◆ Data to process:
* * * * * * *

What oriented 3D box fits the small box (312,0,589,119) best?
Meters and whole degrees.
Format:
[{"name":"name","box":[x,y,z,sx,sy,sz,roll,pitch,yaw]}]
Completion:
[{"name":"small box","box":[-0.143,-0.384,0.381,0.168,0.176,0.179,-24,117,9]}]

* * * * * * *

◆ Brief:
Copy the listing word for word, leaving nothing out.

◆ Answer for this exercise:
What oriented 3D box fits the small box (312,0,589,119) best?
Meters and whole degrees.
Format:
[{"name":"name","box":[x,y,z,sx,sy,sz,roll,pitch,yaw]}]
Completion:
[{"name":"small box","box":[-0.143,-0.384,0.381,0.168,0.176,0.179,-24,117,9]}]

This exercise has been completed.